Hack 5. Go Big to Get Small

The best way to shrink your sampling error is to increase your sample size.

Whenever researchers are playing around with samples instead of whole populations, they are bound to make some mistakes. Because the basic trick of inferential statistics is to measure a sample and use the results to make guesses about a population [Hack #2], we know that there will always be some error in our guesses about the values in those populations. The good news is that we also know how to make the size of those errors as small as possible. The solution is to go big.

An early principle suggested in a gambling context was presented by Jakob Bernoulli (in 1713), who called his principle the Golden Theorem. It was later labeled by others (starting with Sim\x8e on-Denis Poisson in 1837) as the Law of Large Numbers. It is likely the single most useful discovery in the history of statistics and provides the basis for the key generic advice for all researchers: increase your sample size!

The early history of the science of applied statistics (we're talking the 17th and 18th centuries) is framed in the language of gambling and probability. This might be because it gave the gentlemen scholars of the time an excuse to combine their intellectual pursuits with pursuits of a less intellectual nature. The Laws of Probability, of course, are legitimately the mathematical basis for statistical procedures and inferences, so it might be that gambling applications were used simply as the best teaching examples for these central statistical concepts.

Laying Down the Law

One application of the Law is its effect on probability and occurrences. The Law includes the consequence that the increase in the accuracy of predicting outcomes governed by chance is a set amount. That is, the increase in accuracy is known. The expected distance between the probability of a certain outcome and the actual proportion of occurrences you observe decreases as the number of trials increases, and the exact size of this expected gap between expected and observed can be calculated. The generic name for this expected gap is the standard error [Hack #18].

The size of the difference between the theoretical probability of an outcome and the proportion of times it actually occurs is proportional to:

You can think of this formula as the mathematical expression of the Law of Large Numbers. For discussions of accuracy in the context of probability and outcome, the sample size is the number of trials. For discussion of accuracy in the context of sample means and population means, the sample size is the number of people (or random observations) in the sample.

Improving Accuracy

The specific values affected by the Law depend on the scale of measurement used and the amount of variability in a given sample. However, we can get a sense of the improvement or increase in accuracy made by various changes in sample sizes. Table 1-5 shows proportional increases in accuracy for all inferential statistics. So speaketh the Law.

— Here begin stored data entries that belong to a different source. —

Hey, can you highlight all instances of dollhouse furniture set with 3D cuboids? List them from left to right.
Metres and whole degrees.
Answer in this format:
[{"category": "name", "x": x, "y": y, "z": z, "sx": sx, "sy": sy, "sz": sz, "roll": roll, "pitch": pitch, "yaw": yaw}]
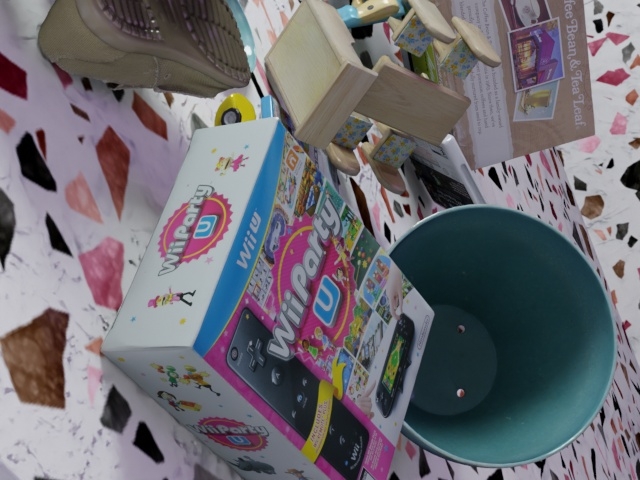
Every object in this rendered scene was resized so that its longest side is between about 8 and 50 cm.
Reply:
[{"category": "dollhouse furniture set", "x": 0.075, "y": -0.166, "z": 1.460, "sx": 0.242, "sy": 0.212, "sz": 0.161, "roll": 19, "pitch": 30, "yaw": -32}]

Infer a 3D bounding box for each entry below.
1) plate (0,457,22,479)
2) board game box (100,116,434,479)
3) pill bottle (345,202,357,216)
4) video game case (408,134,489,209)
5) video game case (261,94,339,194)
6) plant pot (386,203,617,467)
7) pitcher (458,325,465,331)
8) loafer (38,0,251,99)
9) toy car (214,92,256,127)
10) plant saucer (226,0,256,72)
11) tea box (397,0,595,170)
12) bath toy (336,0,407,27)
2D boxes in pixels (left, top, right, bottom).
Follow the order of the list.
[{"category": "plate", "x": -0.259, "y": 0.157, "z": 0.584, "sx": 0.278, "sy": 0.045, "sz": 0.277, "roll": 56, "pitch": 25, "yaw": -33}, {"category": "board game box", "x": -0.030, "y": 0.078, "z": 1.072, "sx": 0.303, "sy": 0.097, "sz": 0.224, "roll": 49, "pitch": 48, "yaw": -41}, {"category": "pill bottle", "x": 0.000, "y": 0.000, "z": 1.355, "sx": 0.065, "sy": 0.065, "sz": 0.116, "roll": 66, "pitch": 21, "yaw": -11}, {"category": "video game case", "x": 0.181, "y": -0.102, "z": 1.826, "sx": 0.173, "sy": 0.022, "sz": 0.190, "roll": 59, "pitch": -10, "yaw": -27}, {"category": "video game case", "x": -0.020, "y": -0.079, "z": 1.449, "sx": 0.166, "sy": 0.015, "sz": 0.119, "roll": 45, "pitch": 33, "yaw": -49}, {"category": "plant pot", "x": 0.168, "y": 0.123, "z": 1.439, "sx": 0.195, "sy": 0.290, "sz": 0.290, "roll": 130, "pitch": -54, "yaw": -72}, {"category": "pitcher", "x": 0.227, "y": 0.070, "z": 1.816, "sx": 0.178, "sy": 0.125, "sz": 0.207, "roll": -119, "pitch": -176, "yaw": -52}, {"category": "loafer", "x": -0.152, "y": -0.180, "z": 1.094, "sx": 0.268, "sy": 0.092, "sz": 0.102, "roll": 10, "pitch": 64, "yaw": -64}, {"category": "toy car", "x": -0.058, "y": 0.000, "z": 1.226, "sx": 0.225, "sy": 0.053, "sz": 0.239, "roll": 55, "pitch": 26, "yaw": -37}, {"category": "plant saucer", "x": -0.109, "y": -0.234, "z": 1.356, "sx": 0.119, "sy": 0.021, "sz": 0.119, "roll": 53, "pitch": 26, "yaw": -39}, {"category": "tea box", "x": 0.241, "y": -0.336, "z": 1.837, "sx": 0.324, "sy": 0.219, "sz": 0.329, "roll": -111, "pitch": -174, "yaw": -55}, {"category": "bath toy", "x": 0.021, "y": -0.476, "z": 1.777, "sx": 0.151, "sy": 0.129, "sz": 0.348, "roll": -24, "pitch": -97, "yaw": 66}]

Table Effect of increasing sample size
Sample size	Relative decrease in error size	Meaning
1	1	The error is equal to the standard deviation of the variable in the population.
10	3.16	The error is about a third of its previous size. Just using 10 observations instead of 1 has dramatically increased our accuracy.
30	5.48	An increase from 1 to 30 people will dramatically improve accuracy. Even the jump from 10 to 30 is useful.
100	10	A sample of 100 people produces an estimate much closer to the population value (or expected probability). The size of the error with 100 people in a sample is just 1/10 of a standard deviation.
1,000	31.62	Estimates with so many observations are remarkably precise.

Why It Works

Let's look at this important statistical principle from several different angles. I'll state the law using three different approaches, beginning with the gambler's concerns, moving on to the issue of error, and ending with the implications for gathering a representative sample. All of the entries in this list are the exact same rule, just stated differently.

Gambling

If an event has a certain probability of occurring on a single trial, then the proportion of occurrences of the event over an infinite number of trials will equal that probability. As the number of trials approaches infinity, the proportion of occurrences approaches that probability.

Error

If a sample is infinitely large, the sample statistics will be equal to the population parameters. For example, the distance between the sample mean and the population mean decreases as the sample size approaches infinity. Errors in estimating population values shrink toward zero as the number of observations increases.

Implications

Samples are more representative of the population from which they are drawn when they include many people than when they include fewer people. The number of important characteristics in the population represented in a sample increases, as does the precision of their estimates, as the sample size gets larger.

All these statements of the Law of Large Numbers are true only if based on the assumption that the occurrences or the sampling take place randomly.

In addition to providing the basis for calculations of standard errors, the Law of Large Numbers affects other core statistical issues such as power [Hack #8] and the likelihood of rejecting the null hypothesis when you should not [Hack #4]. Jakob Bernoulli's gambling pals might have been most interested in his Golden Theorem because they could get a sense of how many dice rolls it would take before the proportion of 7s rolled approached .166 or 16.6 percent, and could then do some solid financial planning.

For the last 300 years, though, all of social science has made use of this elegant tool to estimate how accurately something we see describes something we cannot see. Thanks, Jake!